## [Exercise aim]
Track down each line below containing the string "degrees" and copy it.

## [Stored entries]

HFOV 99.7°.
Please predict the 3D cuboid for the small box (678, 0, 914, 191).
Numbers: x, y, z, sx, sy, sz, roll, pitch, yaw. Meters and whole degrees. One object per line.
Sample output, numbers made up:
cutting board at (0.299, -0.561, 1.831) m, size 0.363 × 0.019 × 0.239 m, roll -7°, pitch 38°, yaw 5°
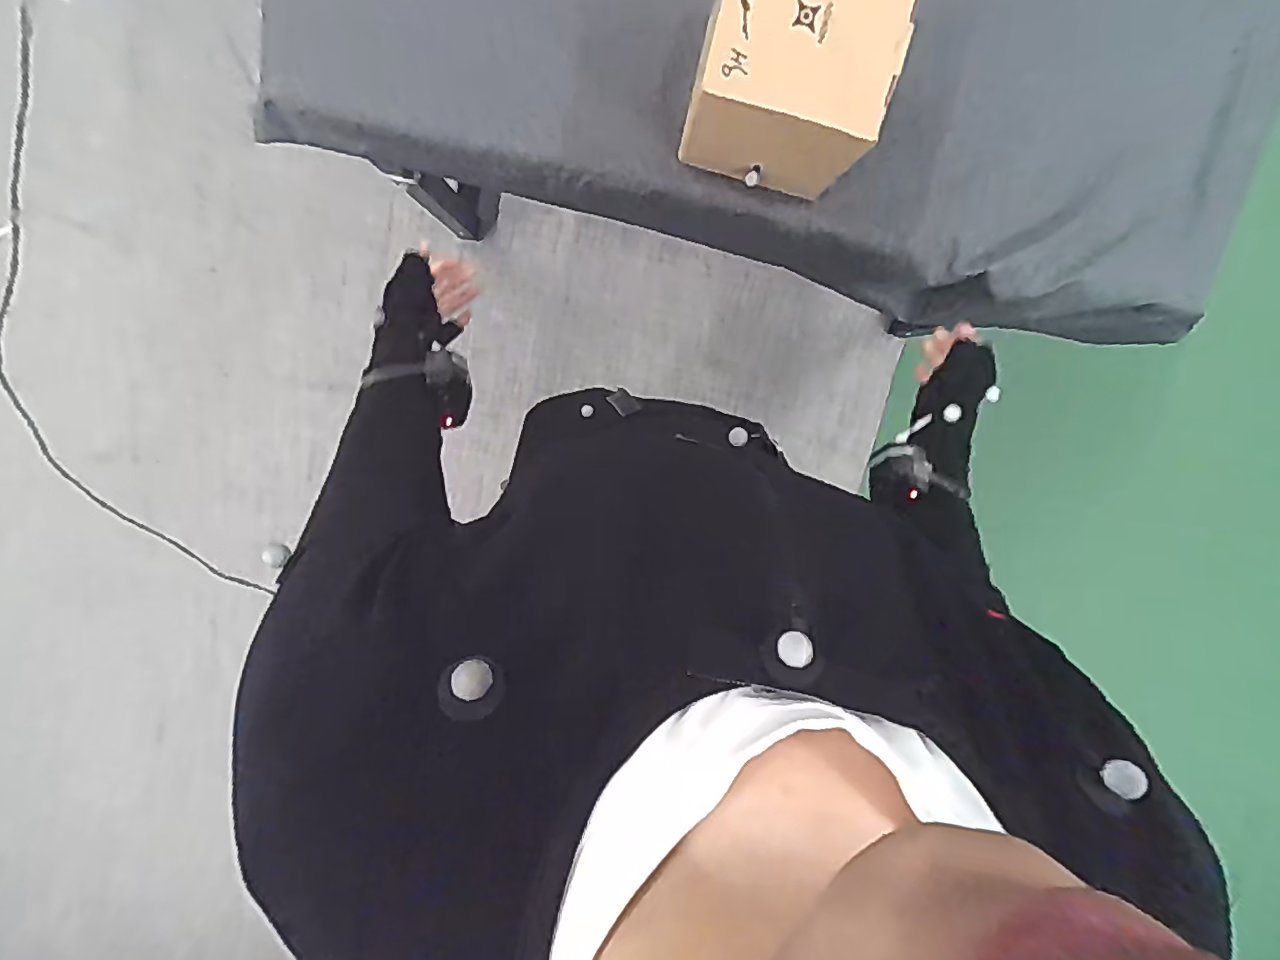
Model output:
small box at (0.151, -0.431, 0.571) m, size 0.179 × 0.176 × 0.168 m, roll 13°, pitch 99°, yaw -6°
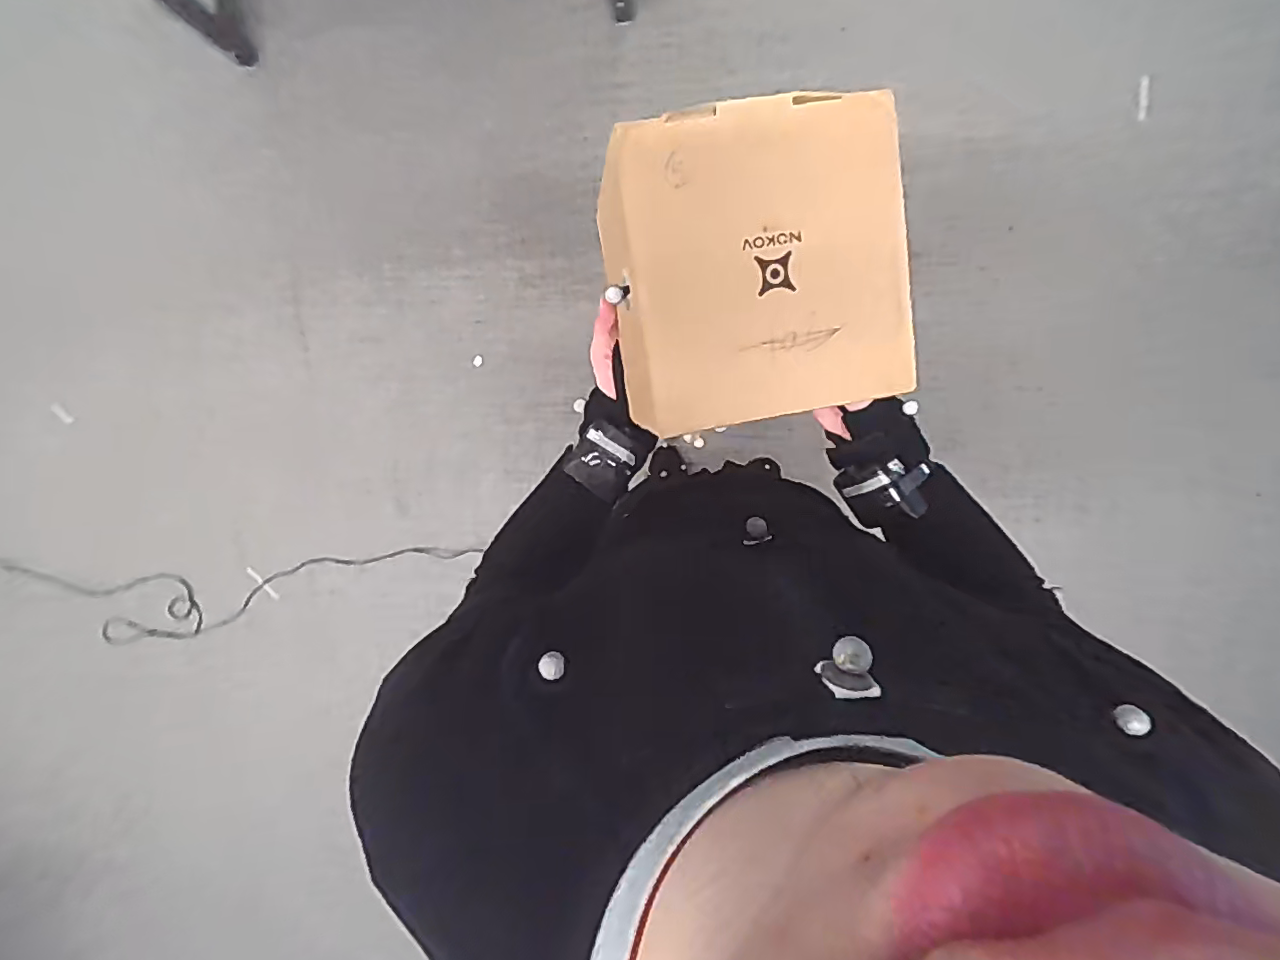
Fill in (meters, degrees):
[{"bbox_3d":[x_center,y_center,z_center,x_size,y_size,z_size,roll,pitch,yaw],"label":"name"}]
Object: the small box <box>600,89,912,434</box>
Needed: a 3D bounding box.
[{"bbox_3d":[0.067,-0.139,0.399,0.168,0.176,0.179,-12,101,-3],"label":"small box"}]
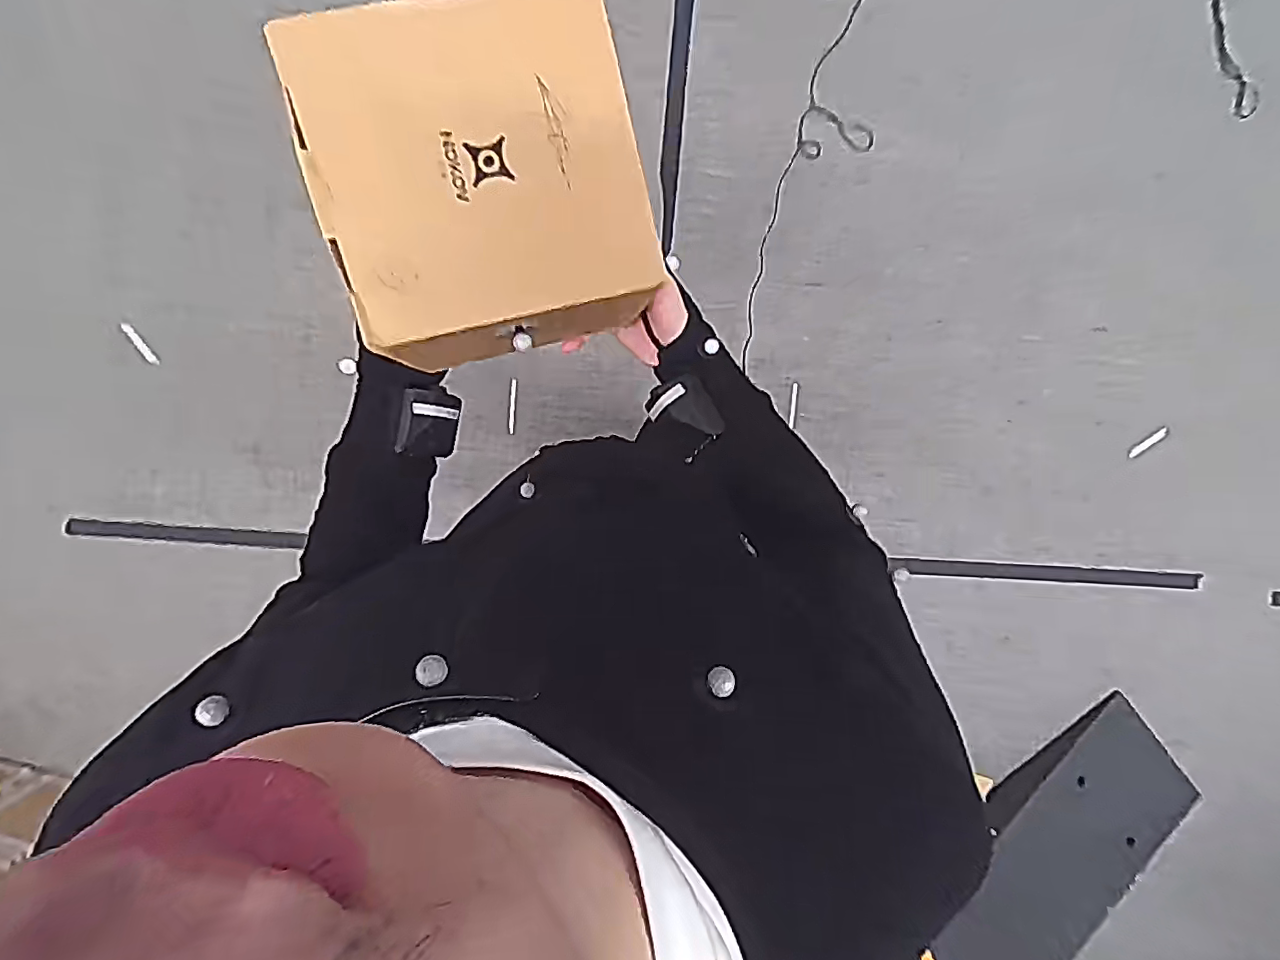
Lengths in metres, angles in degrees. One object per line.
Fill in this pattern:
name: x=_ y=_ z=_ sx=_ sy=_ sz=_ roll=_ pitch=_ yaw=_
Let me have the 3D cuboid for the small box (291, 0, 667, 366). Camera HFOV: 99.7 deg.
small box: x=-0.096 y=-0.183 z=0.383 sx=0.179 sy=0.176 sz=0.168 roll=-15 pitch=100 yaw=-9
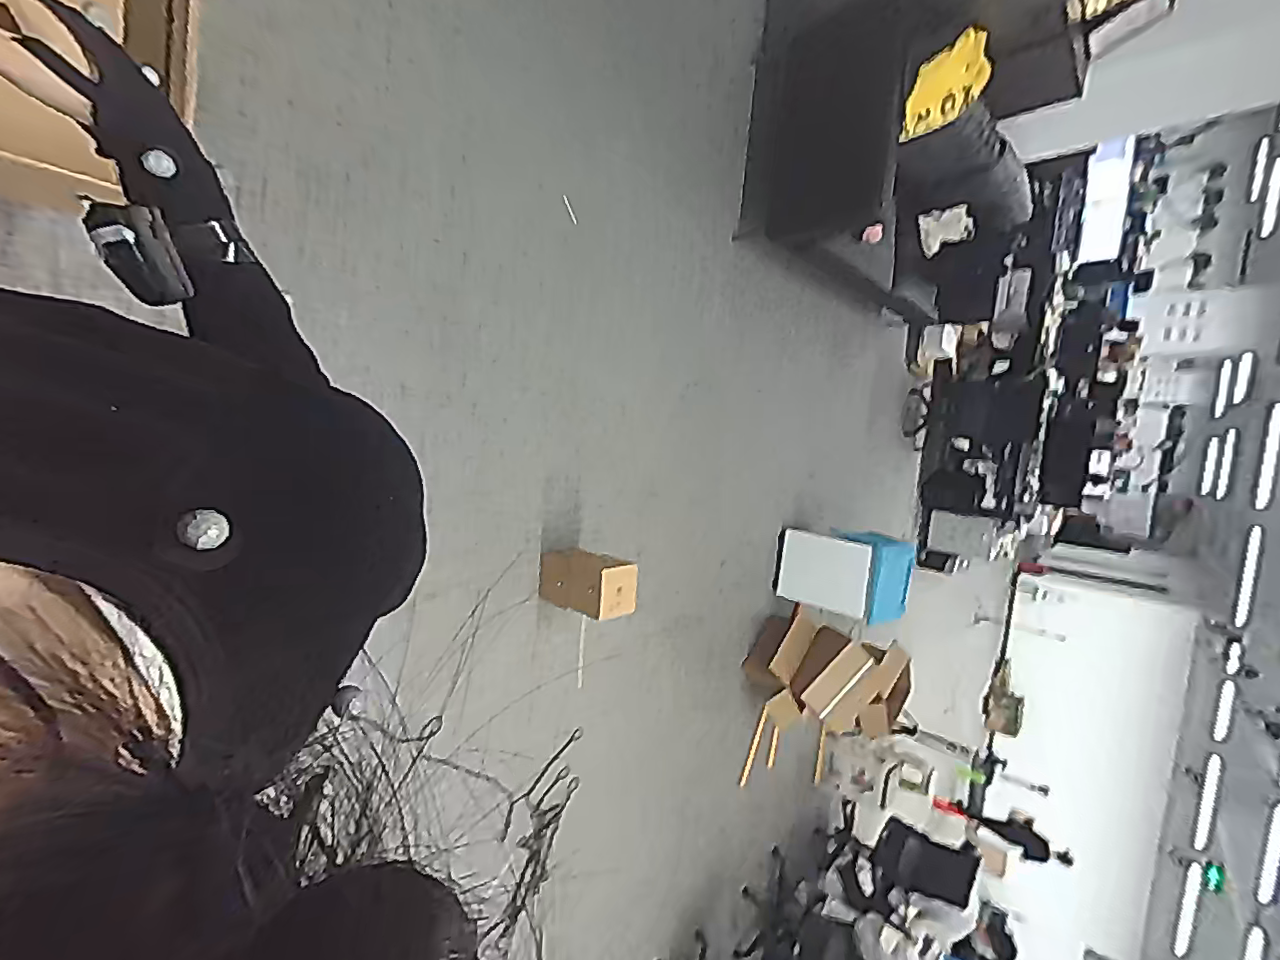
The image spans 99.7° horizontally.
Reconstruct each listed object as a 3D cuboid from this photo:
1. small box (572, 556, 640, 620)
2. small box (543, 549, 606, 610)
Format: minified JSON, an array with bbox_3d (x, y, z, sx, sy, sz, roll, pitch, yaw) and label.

## [Your response]
Numbers: x, y, z, sx, sy, sz, roll, pitch, yaw. Meters and whole degrees. One object per line.
Fill in (meters, degrees):
Lengths in metres, angles in degrees. One object per line.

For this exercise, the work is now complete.